Test whether two time series cluster suspiciously close together — e.g.
lobbying filings near contract awards — using a permutation test:

```bash
python3 SKILL_DIR/scripts/timing_analysis.py \
    --donations data/lobbying.csv --donation-date-col filing_date \
        --donation-amount-col income --donation-donor-col client_name \
        --donation-recipient-col registrant_name \
    --contracts data/contracts.csv --contract-date-col award_date \
        --contract-vendor-col recipient_name \
    --cross-links data/cross_links.csv \
    --permutations 1000 \
    --out data/timing.json
```

The script's column flags are intentionally generic — the original tool was
written for donations vs awards, but it works for any (event, payee) time
series joined through cross-links. Null hypothesis: event timing is
independent of award dates. One-tailed p-value = fraction of permutations
with mean nearest-award distance ≤ observed. Minimum 3 events per (payer,
vendor) pair to run the test.

### 5. Build the findings JSON (evidence chain)

```bash
python3 SKILL_DIR/scripts/build_findings.py \
    --cross-links data/cross_links.csv \
    --timing data/timing.json \
    --out data/findings.json
```

Every finding has `id, title, severity, confidence, summary, evidence[], sources[]`.
Each evidence item points back to a specific row in a source CSV. The user (or a
follow-up agent) can verify every claim against its source.

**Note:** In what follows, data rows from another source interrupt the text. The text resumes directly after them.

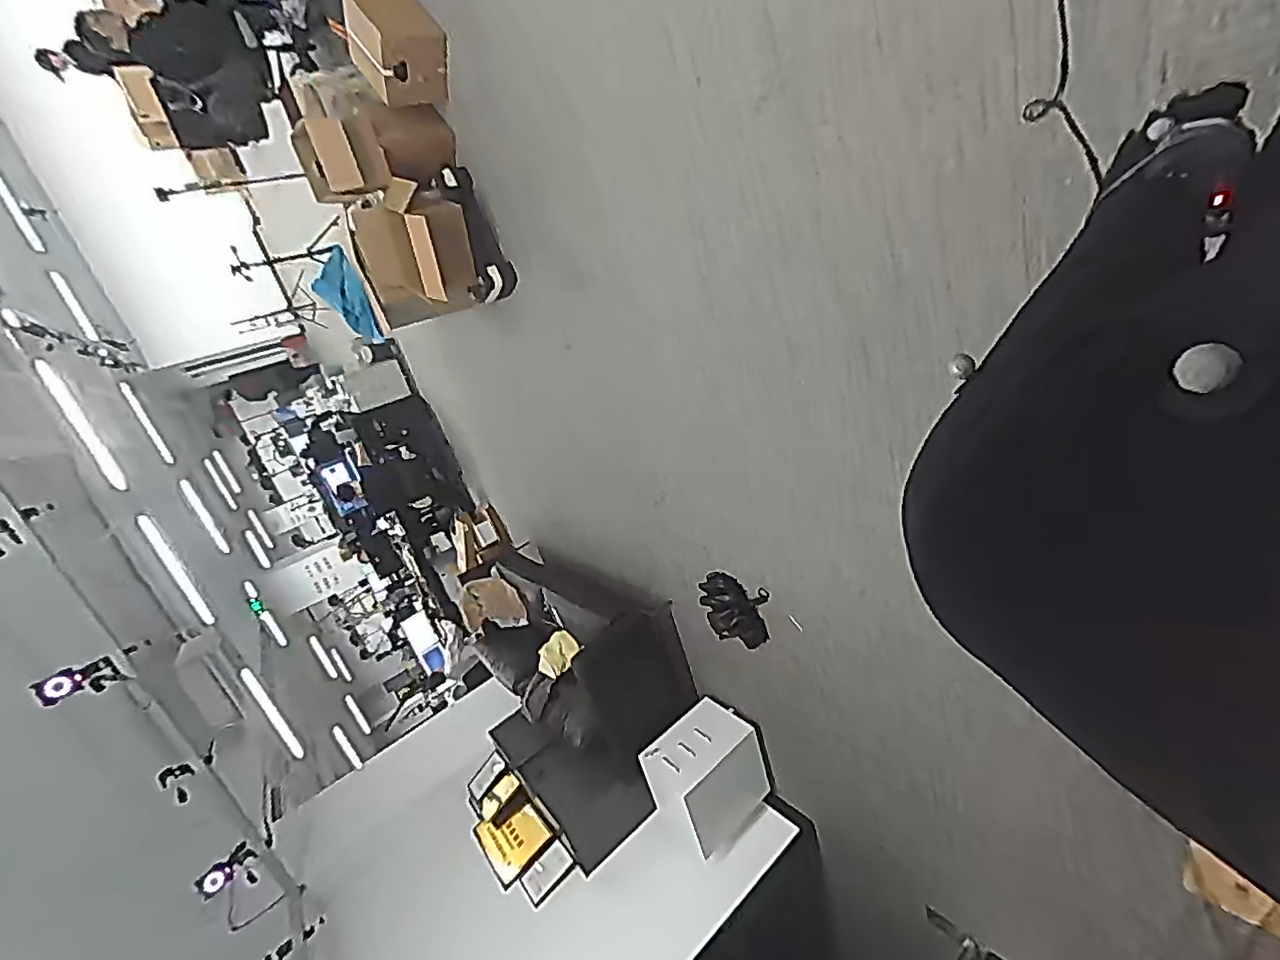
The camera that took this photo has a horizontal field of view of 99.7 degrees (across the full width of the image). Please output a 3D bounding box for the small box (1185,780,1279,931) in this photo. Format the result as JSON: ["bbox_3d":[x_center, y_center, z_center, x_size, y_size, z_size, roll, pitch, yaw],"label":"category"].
[{"bbox_3d":[1.292,0.789,1.142,0.168,0.176,0.179,10,122,52],"label":"small box"}]
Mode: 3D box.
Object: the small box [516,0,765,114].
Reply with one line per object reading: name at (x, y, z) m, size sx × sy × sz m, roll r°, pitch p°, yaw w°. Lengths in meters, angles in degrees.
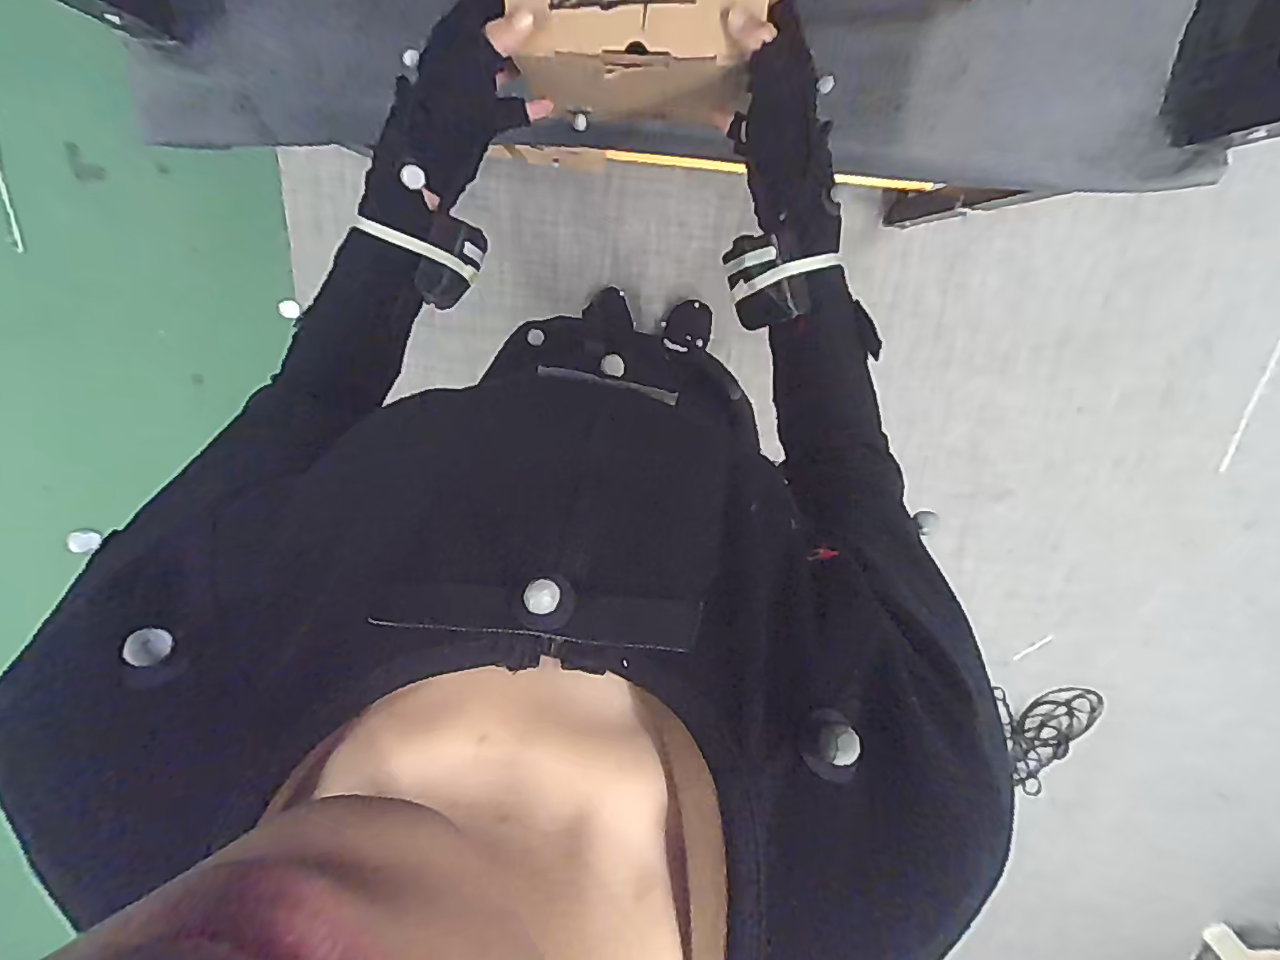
small box at (0.004, -0.392, 0.402) m, size 0.168 × 0.176 × 0.179 m, roll 1°, pitch 112°, yaw 0°

## Confidence and evidence discipline

This is the load-bearing rule of the skill. Tell the user:

- Every claim must trace to a record. No naked assertions.
- Confidence tier travels with the claim. `match_type=fuzzy` is "probable",
  not "confirmed."
- Entity resolution produces candidates, NOT conclusions. A `fuzzy` match
  between "ACME LLC" and "Acme Holdings Group" is a lead, not a fact.
- Statistical significance ≠ wrongdoing. p &lt; 0.05 means the timing pattern
  is unlikely under the null. It does not establish corruption.
- All data sources here are public records. They may still contain
  inaccuracies, stale info, or redactions (GDPR, sealed records).

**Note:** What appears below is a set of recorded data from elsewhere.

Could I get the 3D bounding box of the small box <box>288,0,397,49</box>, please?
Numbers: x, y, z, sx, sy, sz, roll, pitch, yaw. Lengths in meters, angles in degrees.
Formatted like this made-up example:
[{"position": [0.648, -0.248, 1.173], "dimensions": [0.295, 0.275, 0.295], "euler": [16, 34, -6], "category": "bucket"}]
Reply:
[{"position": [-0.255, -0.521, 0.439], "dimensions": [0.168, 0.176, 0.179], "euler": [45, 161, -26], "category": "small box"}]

## Adding a new data source

Use the template:

```bash
cp SKILL_DIR/templates/source-template.md \
    SKILL_DIR/references/sources/<your-source>.md
```

Fill in all 9 sections. Write a `fetch_<source>.py` script in `scripts/` that
uses stdlib only and writes a normalized CSV. Update the source list in the
"When to use" section above.

## Tools and their limits

- `entity_resolution.py` does NOT use external fuzzy libraries (no rapidfuzz,
  no jellyfish). Token-bag matching is the upper bound here. If you need
  Levenshtein, transliteration, or phonetic matching, pip-install separately.
- `timing_analysis.py` uses Python's `random` for permutations. For
  reproducibility, pass `--seed N`.
- `fetch_*.py` scripts use `urllib.request` and respect `Retry-After`. Heavy
  bulk usage may still violate ToS — read each source's legal section first.

## Legal note

All Phase-1 sources are public records. Bulk acquisition is permitted under
their respective access terms (FOIA, public records law, ICIJ explicit
publication, OFAC public data). However:

- Some sources rate-limit aggressively. Respect their headers.
- Some redact registrant info (GDPR on WHOIS, sealed filings).
- Cross-referencing public records to identify private individuals can have
  ethical implications. The skill produces evidence chains, not accusations.